**PROBLEM DESCRIPTION**
Search the records for "decimal" and copy each line that holds it.

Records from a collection

_ _ _ _ _

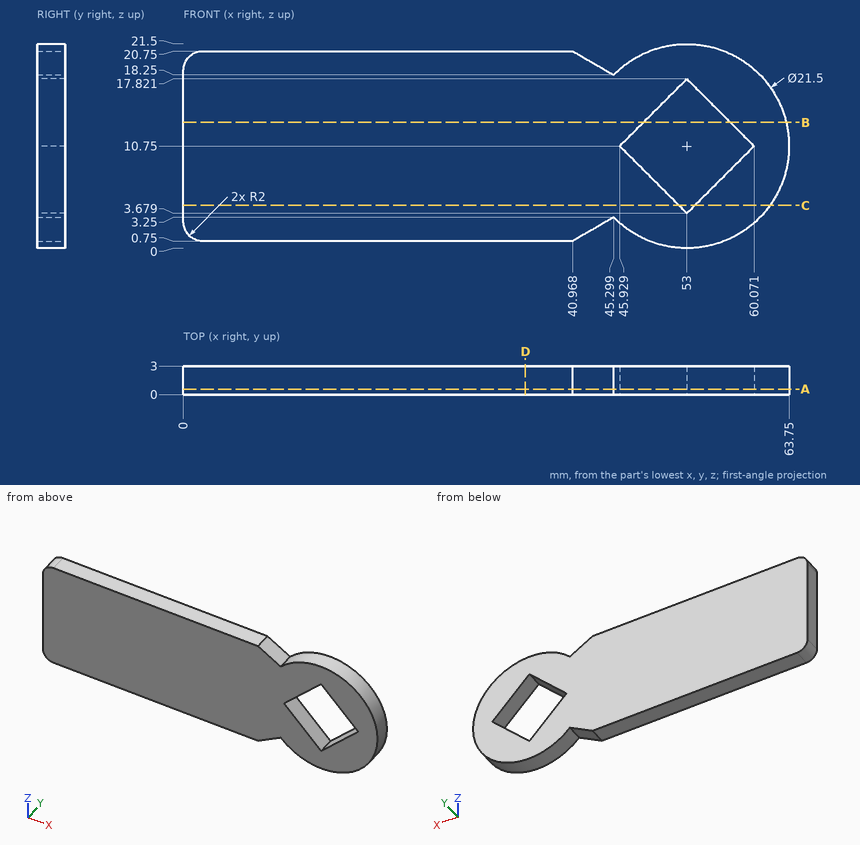
Here's the drawing with two shaded views (mm, measured from the low corner). I have some questions. Give positions to 0.01 mm unless a question says otherwise; leave off trailing zeros. Loops run counter-clockwise (first coordinate to the right, second up) from the corner with the lowest first, then second, coordinate; pieces in that order, holes last. Notation, with made-up numbers: (-31.5, -27.75) - (4.5, -27.75) arc R28 ccw to (4.5, 10.25) - close; hole circle Ø5 at (15, 38.5). An arc over 180 degrees is marked (long way). One line per item, written item: value.
(1) If we section it at C-C, the plane z = 4.5: List the corners of the cut face in (x, y) for me, plus the area to 3 significant figures.
Verdict:
outline: (0, 0) - (52.18, 0) - (52.18, 3) - (0, 3) - close; (53.82, 0) - (61.75, 0) - (61.75, 3) - (53.82, 3) - close
area: 180 mm^2
(2) If we section it at D-D, the plane x = 36: List the corners of the cut face in (y, z) for me.
Verdict:
outline: (0, 0.75) - (3, 0.75) - (3, 20.75) - (0, 20.75) - close
(3) I need wall thicknesses on line 1 along Z through (x, y) = (9, 2.7); line 2 along Z through (x, y) = (51, 1.25) (1 decimal); line 3 along X through (y, z) = (2.6, 14.75). Which ranges of each line are inside material? Lowest first, please.
Verdict:
line 1: 0.75 to 20.75
line 2: 0.2 to 5.7, 15.8 to 21.3
line 3: 0 to 49.93, 56.07 to 62.98
(4) If we section it at B-B, the plane z = 13.25: List the corners of the cut face in (x, y) for me (1 decimal).
Verdict:
outline: (0, 0) - (48.4, 0) - (48.4, 3) - (0, 3) - close; (57.6, 0) - (63.5, 0) - (63.5, 3) - (57.6, 3) - close
(5) If we section it at A-A, the plane y = 0.6: List the corners of the cut face in (x, z) for me, plus the area to 4 significant figures.
Verdict:
outline: (0, 2.75) arc R2 ccw to (2, 0.75) - (40.97, 0.75) - (45.3, 3.25) arc R10.75 ccw (long way) to (45.3, 18.25) - (40.97, 20.75) - (2, 20.75) arc R2 ccw to (0, 18.75) - close; hole (45.93, 10.75) - (53, 3.68) - (60.07, 10.75) - (53, 17.82) - close
area: 1,125 mm^2
(6) I'm going to push flat-ended pins straight in: pin 1 (0.9 mm diameter, centred on x = 24, y = 1, fed in from -Z); pin 2 (1.5 mm diameter, centred on x = 30, y = 1.5, fed in from +Z). Where does each tip first touch, or does it pass through?
Verdict:
pin 1: z = 0.75
pin 2: z = 20.75

_ _ _ _ _

**EXERCISE OUTPUT**
(3) I need wall thicknesses on line 1 along Z through (x, y) = (9, 2.7); line 2 along Z through (x, y) = (51, 1.25) (1 decimal); line 3 along X through (y, z) = (2.6, 14.75). Which ranges of each line are inside material? Lowest first, please.
(4) If we section it at B-B, the plane z = 13.25: List the corners of the cut face in (x, y) for me (1 decimal).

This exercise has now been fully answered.